WHAT IS REQUIRED: Please copy out the entries exactly, skipping any pictures.

TASK MATERIAL:
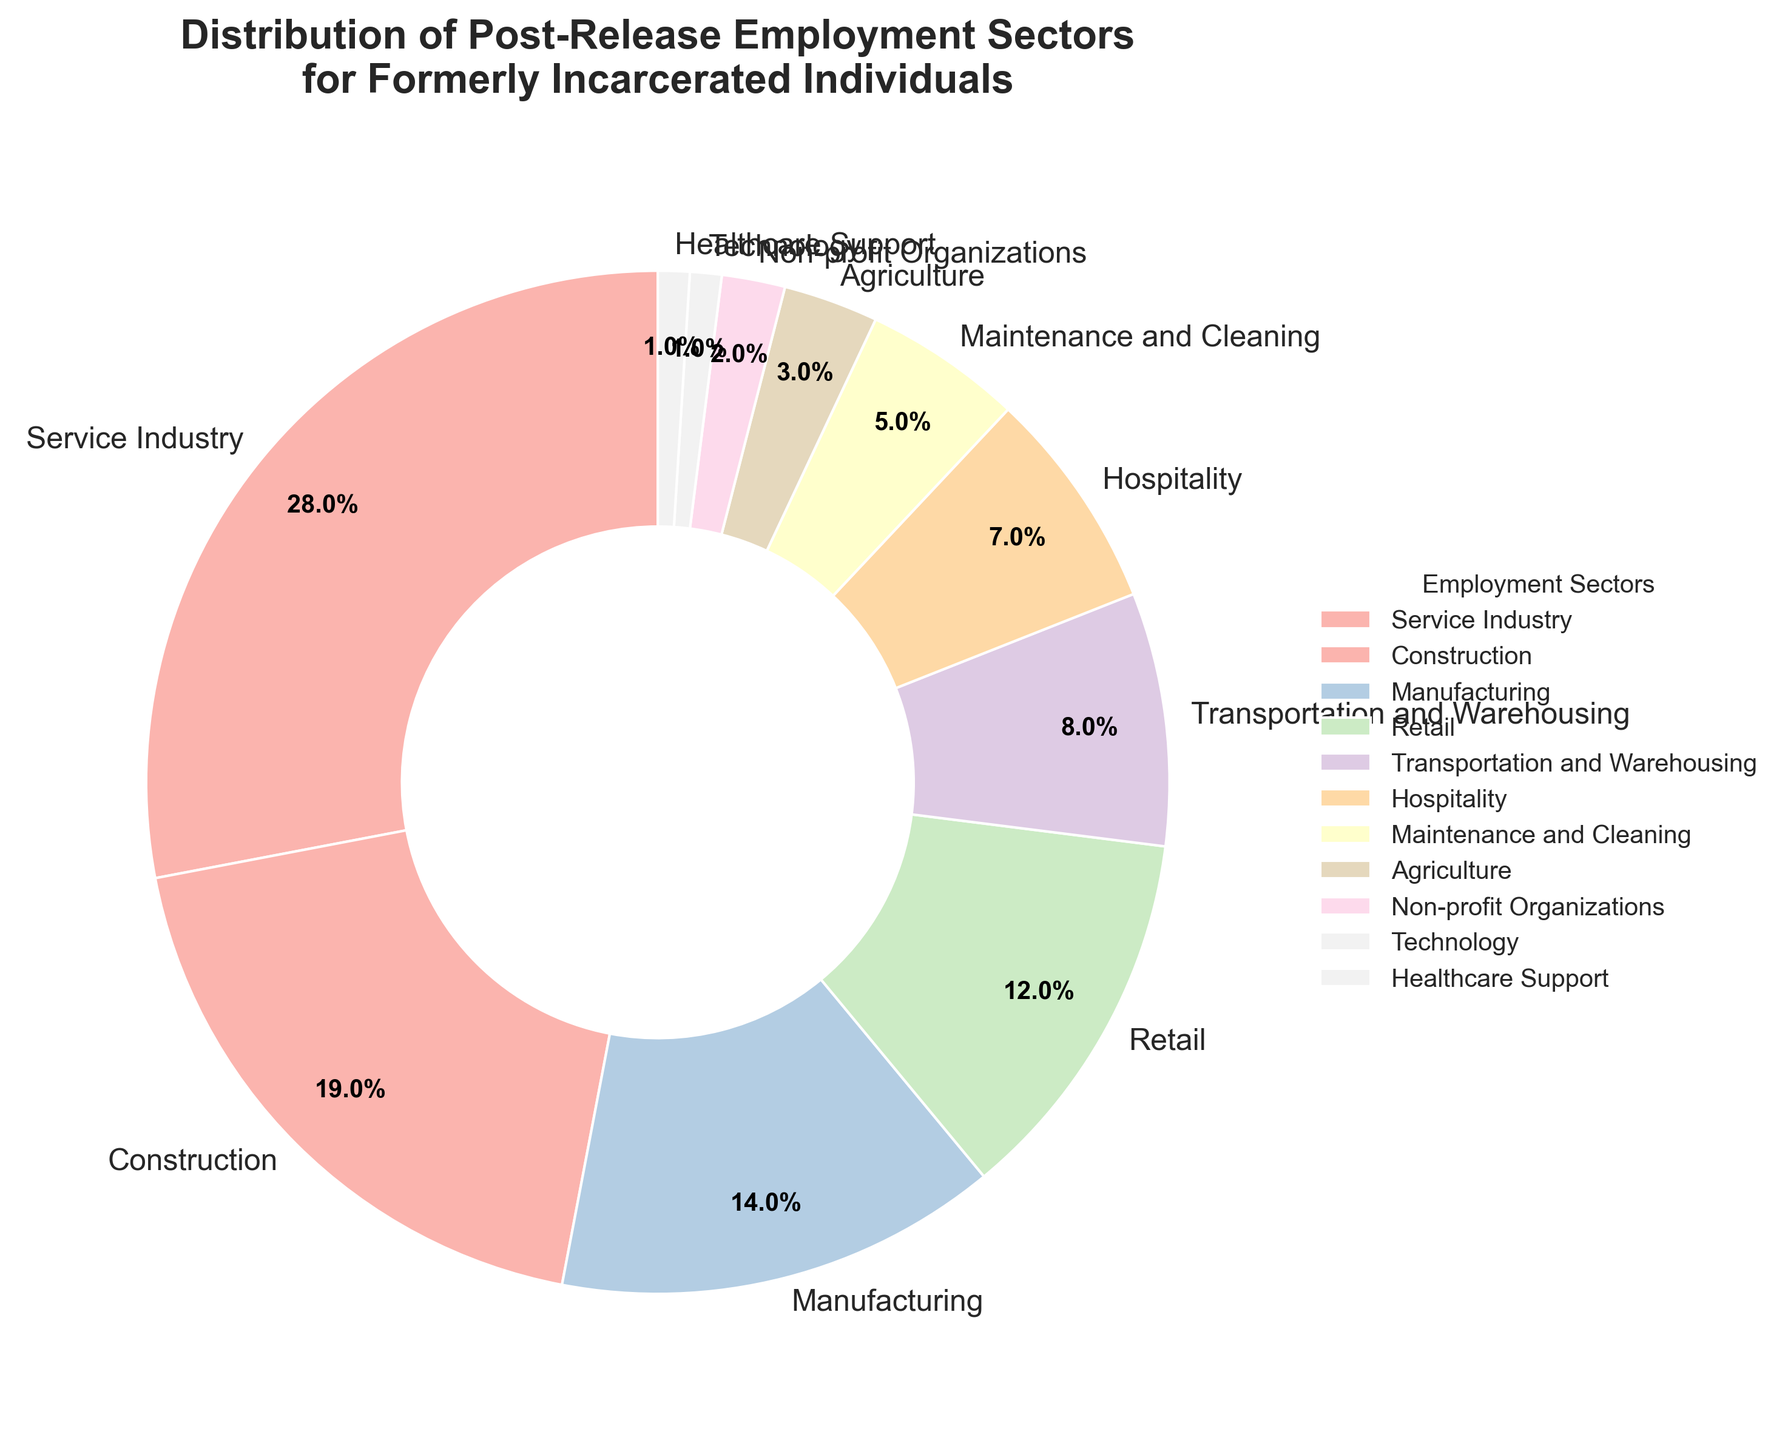What is the percentage of formerly incarcerated individuals employed in the Service Industry? According to the pie chart, the section labeled "Service Industry" accounts for 28% of the distribution.
Answer: 28% Which sector employs more individuals: Manufacturing or Transportation and Warehousing? By comparing the two sectors, the pie chart shows that Manufacturing employs 14% while Transportation and Warehousing employs 8%. Therefore, Manufacturing employs more individuals.
Answer: Manufacturing How much larger is the percentage of individuals employed in the Construction sector compared to the Retail sector? From the pie chart, we see that Construction employs 19% while Retail employs 12%. The difference is 19% - 12% = 7%.
Answer: 7% What is the combined percentage of individuals working in the Maintenance and Cleaning and Agriculture sectors? The pie chart shows 5% for Maintenance and Cleaning and 3% for Agriculture. Adding these, we get 5% + 3% = 8%.
Answer: 8% Are there more individuals employed in Non-profit Organizations or Healthcare Support? The pie chart indicates that Non-profit Organizations employ 2% and Healthcare Support employs 1%. Thus, more individuals are employed in Non-profit Organizations.
Answer: Non-profit Organizations Which sector employs the fewest individuals? The pie chart shows the smallest slice labeled "Technology," which accounts for just 1%.
Answer: Technology What is the visual difference between the slices representing Hospitality and Technology sectors? The slice for Hospitality is visibly larger and occupies 7% of the pie chart, whereas the slice for Technology is much smaller, occupying only 1%.
Answer: Hospitality is larger What is the total percentage of individuals employed in the top three sectors? The top three sectors by percentage are Service Industry (28%), Construction (19%), and Manufacturing (14%). Adding these, we get 28% + 19% + 14% = 61%.
Answer: 61% Which sectors have a percentage of employment less than or equal to 5%? The sectors with employment percentages less than or equal to 5% are Maintenance and Cleaning (5%), Agriculture (3%), Non-profit Organizations (2%), Technology (1%), and Healthcare Support (1%).
Answer: Maintenance and Cleaning, Agriculture, Non-profit Organizations, Technology, Healthcare Support What fraction of formerly incarcerated individuals are employed in the Healthcare Support and Technology sectors combined? Healthcare Support accounts for 1% and Technology also accounts for 1%, so the combined percentage is 1% + 1% = 2%. Therefore, out of 100%, 2% combined is 2/100, which simplifies to 1/50.
Answer: 1/50

EXERCISE ANSWER:
What is the percentage of formerly incarcerated individuals employed in the Service Industry? According to the pie chart, the section labeled "Service Industry" accounts for 28% of the distribution.
Answer: 28% Which sector employs more individuals: Manufacturing or Transportation and Warehousing? By comparing the two sectors, the pie chart shows that Manufacturing employs 14% while Transportation and Warehousing employs 8%. Therefore, Manufacturing employs more individuals.
Answer: Manufacturing How much larger is the percentage of individuals employed in the Construction sector compared to the Retail sector? From the pie chart, we see that Construction employs 19% while Retail employs 12%. The difference is 19% - 12% = 7%.
Answer: 7% What is the combined percentage of individuals working in the Maintenance and Cleaning and Agriculture sectors? The pie chart shows 5% for Maintenance and Cleaning and 3% for Agriculture. Adding these, we get 5% + 3% = 8%.
Answer: 8% Are there more individuals employed in Non-profit Organizations or Healthcare Support? The pie chart indicates that Non-profit Organizations employ 2% and Healthcare Support employs 1%. Thus, more individuals are employed in Non-profit Organizations.
Answer: Non-profit Organizations Which sector employs the fewest individuals? The pie chart shows the smallest slice labeled "Technology," which accounts for just 1%.
Answer: Technology What is the visual difference between the slices representing Hospitality and Technology sectors? The slice for Hospitality is visibly larger and occupies 7% of the pie chart, whereas the slice for Technology is much smaller, occupying only 1%.
Answer: Hospitality is larger What is the total percentage of individuals employed in the top three sectors? The top three sectors by percentage are Service Industry (28%), Construction (19%), and Manufacturing (14%). Adding these, we get 28% + 19% + 14% = 61%.
Answer: 61% Which sectors have a percentage of employment less than or equal to 5%? The sectors with employment percentages less than or equal to 5% are Maintenance and Cleaning (5%), Agriculture (3%), Non-profit Organizations (2%), Technology (1%), and Healthcare Support (1%).
Answer: Maintenance and Cleaning, Agriculture, Non-profit Organizations, Technology, Healthcare Support What fraction of formerly incarcerated individuals are employed in the Healthcare Support and Technology sectors combined? Healthcare Support accounts for 1% and Technology also accounts for 1%, so the combined percentage is 1% + 1% = 2%. Therefore, out of 100%, 2% combined is 2/100, which simplifies to 1/50.
Answer: 1/50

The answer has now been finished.